Hysterectomy is one of the most common surgery performed by Gynecologist. As the time is passing trend is towards those approaches which are minimally invasive, less painful, have less complications, less blood loss and are more cosmetic. Thus total laparoscopic hysterectomy and vaginal hysterectomy have gained popularity. Laparoscopic surgeries require high tech operation theatre setups, sophisticated instruments & high surgical skills. Vaginal hysterectomy descent or non descent is a simple and effective technique for benign pathologies of uterus.
Objective: This study was conducted to compare Total Laparoscopic Hysterectomy and Non Descent Vaginal Hysterectomy with reference to fall in blood haemoglobin level, duration of operation, weight of uterus, post operative complications and post-operative ambulation.

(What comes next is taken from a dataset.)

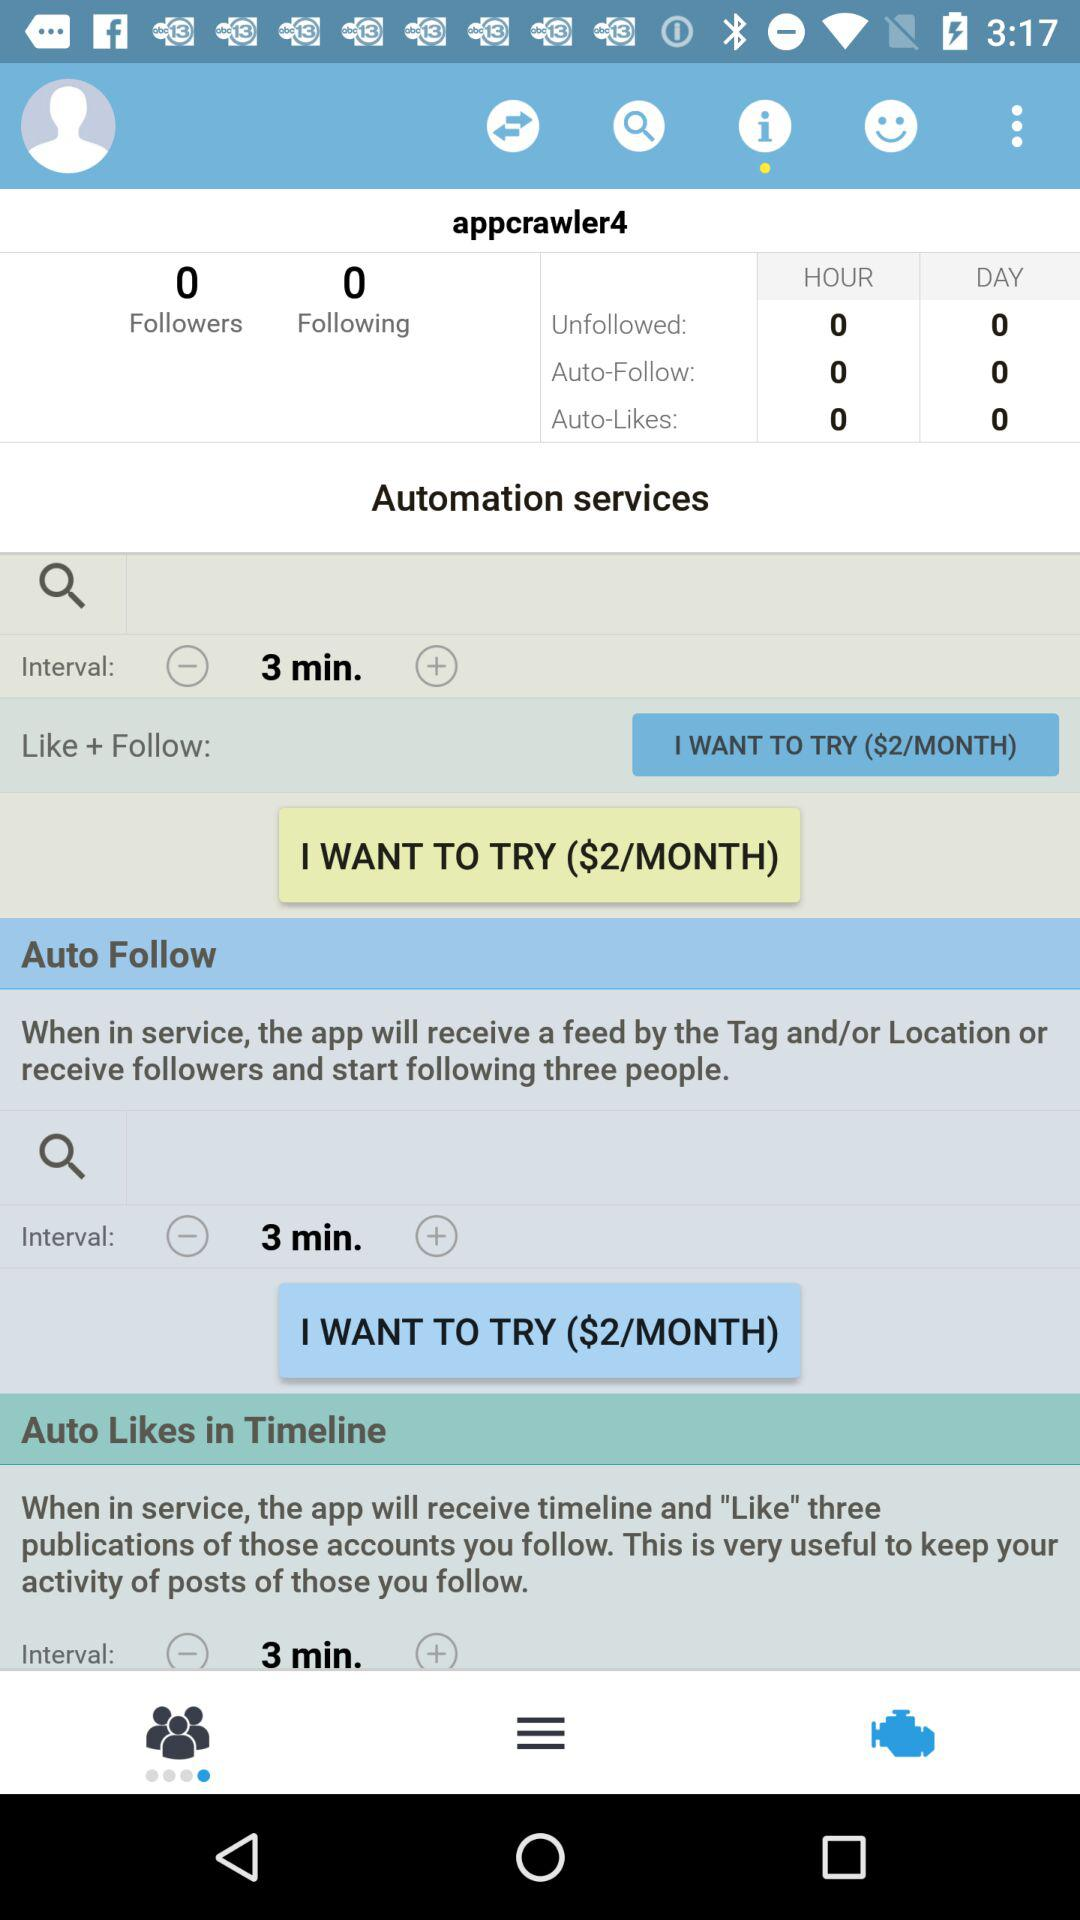How many followers are there? There are 0 followers.

Materials and Methods: Patients undergoing both the types of hysterectomy i.e. TLH and NDVH during September 2017 to March 2018 at Mahila Chikitsalya Hospital (SMS Medical College) were included in the study. Those patients having malignancy as diagnosed by Pap smear or by D &C were excluded from the study. All the patients were investigated thoroughly for their cardio respiratory status, fitness for surgery and other medical conditions. Patients were observed vigilantly during the pre-operative, intra-operative and post-operative period for any complications.
Result: Thirty women underwent TLH, and thirty underwent NDVH. There was no statistically significant difference between groups in the mean age of patients, weight, BMI & literacy rates of patients of both the groups. TLH took significantly longer to perform; however, the estimated blood loss, mean postoperative hemoglobin change & the mean postoperative duration of hospital stay was greater in the VH group. Mean uterine mass was similar in both the groups. While there were no major intraoperative or postoperative complications; the incidence of minor complications were comparable in both the groups.

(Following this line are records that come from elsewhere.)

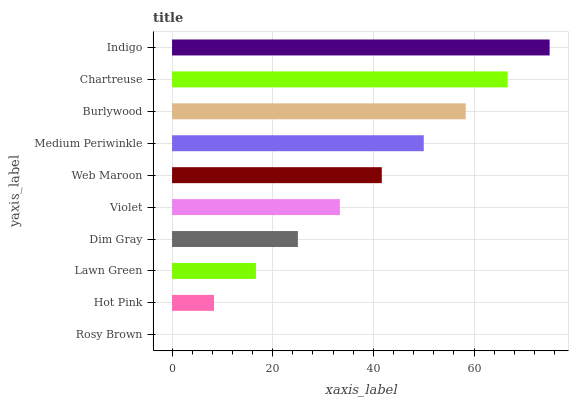Is Rosy Brown the minimum?
Answer yes or no. Yes. Is Indigo the maximum?
Answer yes or no. Yes. Is Hot Pink the minimum?
Answer yes or no. No. Is Hot Pink the maximum?
Answer yes or no. No. Is Hot Pink greater than Rosy Brown?
Answer yes or no. Yes. Is Rosy Brown less than Hot Pink?
Answer yes or no. Yes. Is Rosy Brown greater than Hot Pink?
Answer yes or no. No. Is Hot Pink less than Rosy Brown?
Answer yes or no. No. Is Web Maroon the high median?
Answer yes or no. Yes. Is Violet the low median?
Answer yes or no. Yes. Is Dim Gray the high median?
Answer yes or no. No. Is Indigo the low median?
Answer yes or no. No. 
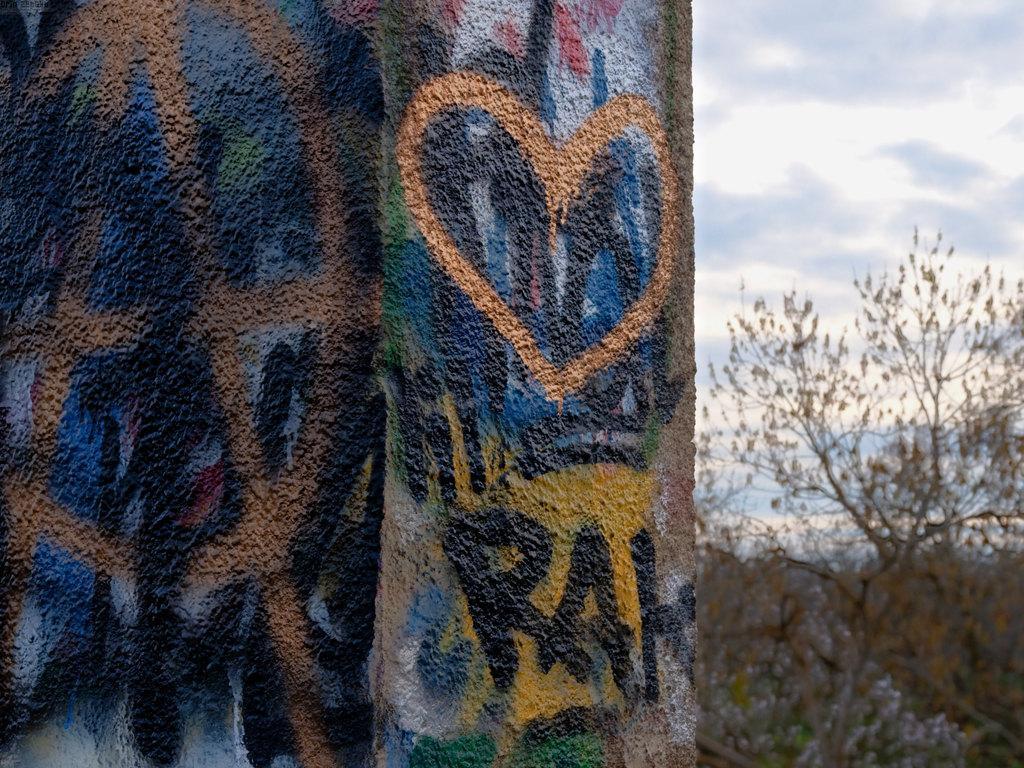Please provide a concise description of this image. On the left side of the image we can see a wall on which painting is done. On the right side of the image we can see a tree and the sky. 
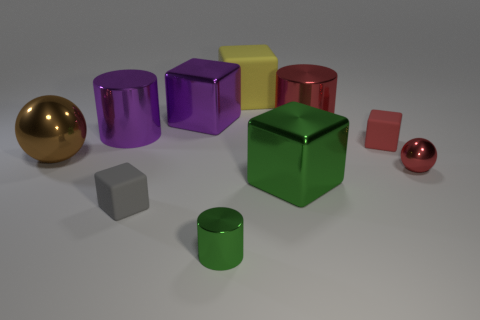Subtract all green blocks. How many blocks are left? 4 Subtract all big purple metal blocks. How many blocks are left? 4 Subtract 1 cubes. How many cubes are left? 4 Subtract all yellow cubes. Subtract all brown cylinders. How many cubes are left? 4 Subtract all balls. How many objects are left? 8 Add 1 metallic balls. How many metallic balls exist? 3 Subtract 0 blue cubes. How many objects are left? 10 Subtract all metal objects. Subtract all purple cubes. How many objects are left? 2 Add 6 purple metallic things. How many purple metallic things are left? 8 
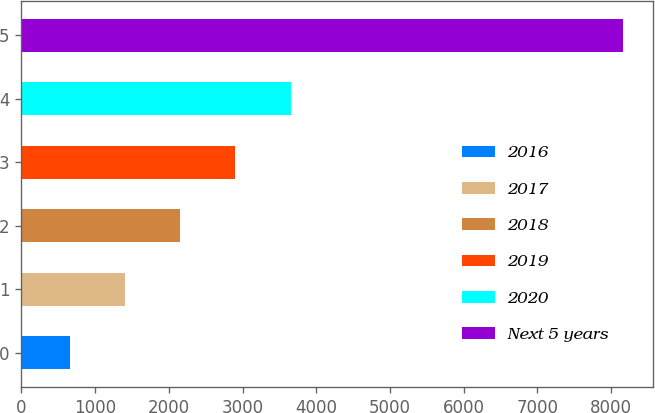<chart> <loc_0><loc_0><loc_500><loc_500><bar_chart><fcel>2016<fcel>2017<fcel>2018<fcel>2019<fcel>2020<fcel>Next 5 years<nl><fcel>654<fcel>1404.3<fcel>2154.6<fcel>2904.9<fcel>3655.2<fcel>8157<nl></chart> 
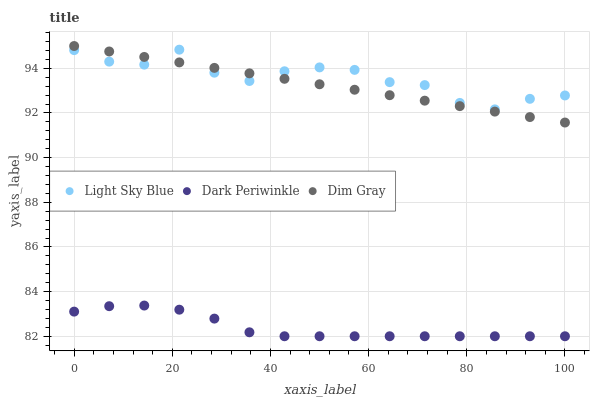Does Dark Periwinkle have the minimum area under the curve?
Answer yes or no. Yes. Does Light Sky Blue have the maximum area under the curve?
Answer yes or no. Yes. Does Light Sky Blue have the minimum area under the curve?
Answer yes or no. No. Does Dark Periwinkle have the maximum area under the curve?
Answer yes or no. No. Is Dim Gray the smoothest?
Answer yes or no. Yes. Is Light Sky Blue the roughest?
Answer yes or no. Yes. Is Dark Periwinkle the smoothest?
Answer yes or no. No. Is Dark Periwinkle the roughest?
Answer yes or no. No. Does Dark Periwinkle have the lowest value?
Answer yes or no. Yes. Does Light Sky Blue have the lowest value?
Answer yes or no. No. Does Dim Gray have the highest value?
Answer yes or no. Yes. Does Light Sky Blue have the highest value?
Answer yes or no. No. Is Dark Periwinkle less than Light Sky Blue?
Answer yes or no. Yes. Is Light Sky Blue greater than Dark Periwinkle?
Answer yes or no. Yes. Does Dim Gray intersect Light Sky Blue?
Answer yes or no. Yes. Is Dim Gray less than Light Sky Blue?
Answer yes or no. No. Is Dim Gray greater than Light Sky Blue?
Answer yes or no. No. Does Dark Periwinkle intersect Light Sky Blue?
Answer yes or no. No. 
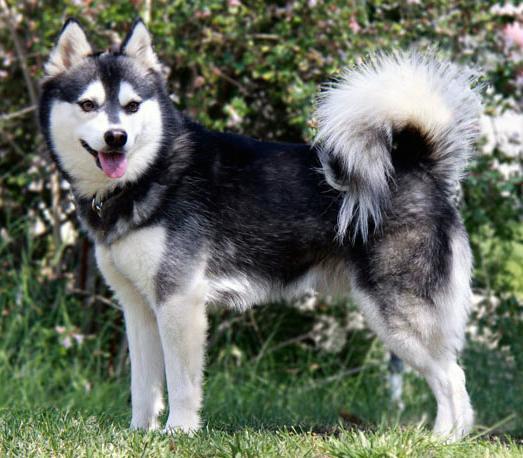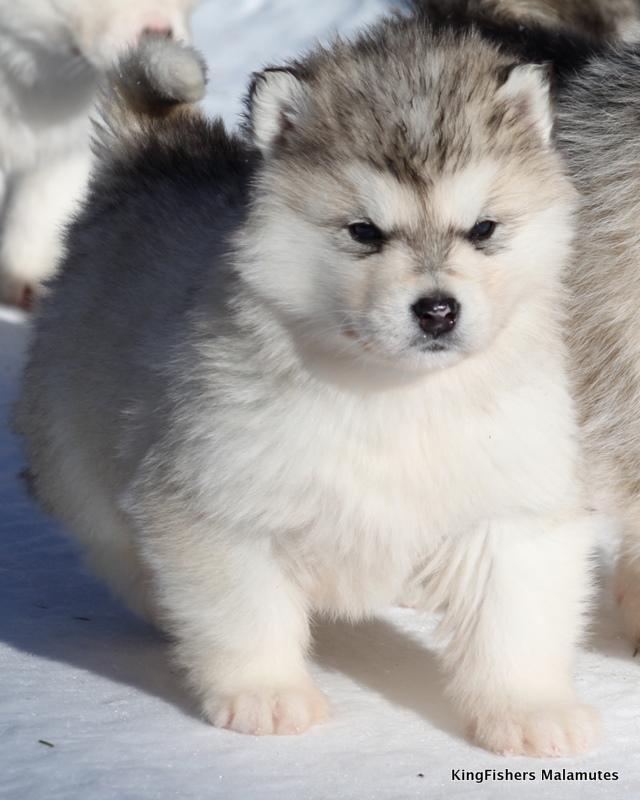The first image is the image on the left, the second image is the image on the right. Given the left and right images, does the statement "One dog is laying down." hold true? Answer yes or no. No. The first image is the image on the left, the second image is the image on the right. Analyze the images presented: Is the assertion "The left image contains a puppy with forward-flopped ears, and the right image contains an adult dog with a closed mouth and non-blue eyes." valid? Answer yes or no. No.

Conclusion: Maximum number of hysterectomies were done for adenomyosis (AUB A) and Fibroid uterus (AUB L). NDVH takes upper hand than TLH as it is more economic, takes lesser time, requires less surgical techniques in comparison to TLH. On the other hand TLH is associated with small scar of surgery, less morbidity and less post-operative pain. In which way to approach the uterus shall depend upon skill of the surgeon, size and pathological nature of uterus, technology available in the hospital and preference of patient as well as surgeon.